Она встала, забыв свою болезнь. Глаза раскрылись широко, губы горели, она была взволнована. На темных ресницах сверкнули слезы.
Кириллов тоже встал, не выпуская рук Валентины.
— Это когда решилось? — произнес он глуховато.
— Что решилось?
— Ваше поступление… на сцену?
— А вот, в Москве. Теперь и все лето я буду заниматься, брать частные уроки у Соловецкого, а осенью — дебют. Могу иметь и здесь, и в Москве — где хочу. Я еще не знаю…
— Это… совсем решено?
— Дебют? О да, теперь мне не откажут…
— Нет… Я хочу знать… Вы совсем решились?
Валентина взглянула на него с изумлением.

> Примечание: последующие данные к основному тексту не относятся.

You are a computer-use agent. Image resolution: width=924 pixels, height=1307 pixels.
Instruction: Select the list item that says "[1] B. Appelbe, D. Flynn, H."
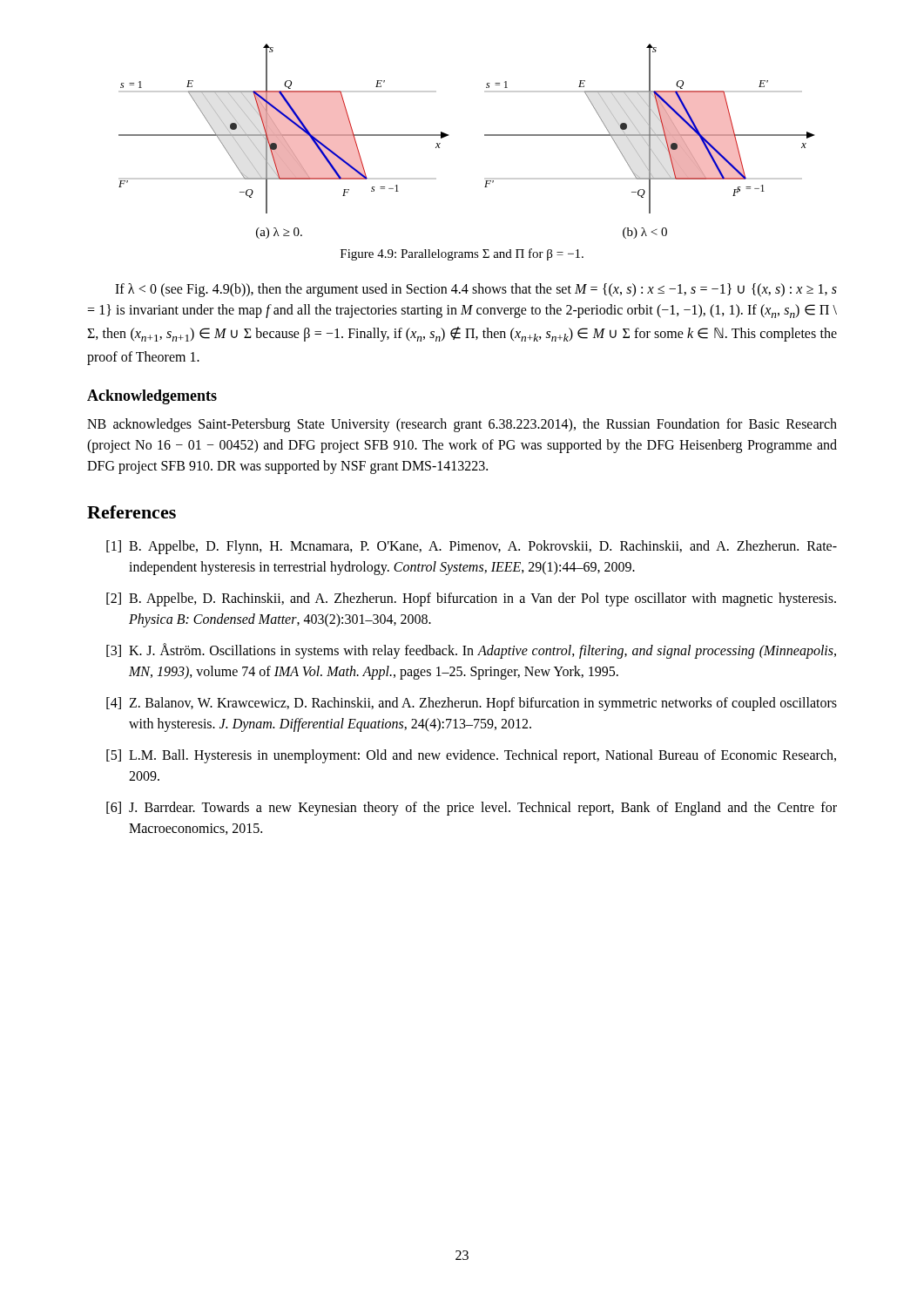[462, 557]

— Конечно. Ведь я же вам и рассказываю…
— Это вы и разумели, когда говорили о перемене жизни?
— Какой вы странный! — произнесла Валентина и освободила свои руки. — Ну да, это. Что же иное?
Она глядела на него похолодевшими глазами.
Кириллов повернулся, заложил руки в карманы, и сделал несколько шагов по ковру. Комната была заставлена, ходить оказалось тесно.
Валентина следила взором за высокой, мешковатой фигурой Кириллова, немного сутуловатого в плечах. И вдруг он почему-то вспомнился ей домашний, в очках, в серой курточке, запивающий кофеем кулебяку.
Валентине стало холодно.
— Благодарю вас за откровенность, Валентина Сергеевна, — начал Кириллов. — Вы позволите мне быть с вами искренним?
— Я вас прошу об этом.
— И я могу надеяться, что мои слова вы примете и поймете не как-нибудь превратно.
— Нет, нет, говорите…
— Идя сюда сегодня, Валентина Сергеевна, я рассчитывал на серьезный, решительный разговор и, я думаю, имел на него внутреннее право. Я сказал вам, что люблю вас, — и вы знаете, как это неизменно. Я имел счастие услышать от вас, что и вы любите меня. Вы сами хотели от меня любви полной, беспредельной, истинной, — и я люблю вас именно так. Но знаете ли вы, что такая любовь требовательна? Да, говорю смело это слово, любовь моя требовательна. Я отдаю слишком много — вы видите. И я не могу допустить, в свою очередь, чтобы вы устроили жизнь свою помимо моего желания, воли, разумения. Я не могу согласиться на ваш план.
— Я вас не понимаю…
— Все эти месяцы, все последние дни в особенности, меня не покидала одна постоянная мысль, Валентина Сергеевна. Она созрела постепенно, естественно, она мне мила, близка, она кажется мне единственно возможной, — и я ласкал себя надеждой, что вы поймете меня без слов. Но часто, несмотря на дружбу, даже на любовь, — души человеческие дальше одна от другой, чем это доступно первоначальному пониманию. Направляясь к вам сегодня, Валентина Сергеевна, после мучительной ночи в вагоне, после дня ожидания и томленья — я думал вести с вами иные речи. Вы говорите, что я толкнул вас на этот решительный шаг. Быть может — бессознательно… Быть может, вы не поняли ни меня, ни рода моей к вам симпатии… Я сам хотел предложить вам перемену в жизни, Валентина Сергеевна. Как в божественное начало — я верил в нашу любовь. И я хотел просить вас разделить жизнь со мною, слить навеки вашу с моею, идти со мной рядом, рука об руку, быть связанной со мною исключительной привязанностью, исключительной любовью и дружбой… Я верил, что вы согласитесь стать моей женой.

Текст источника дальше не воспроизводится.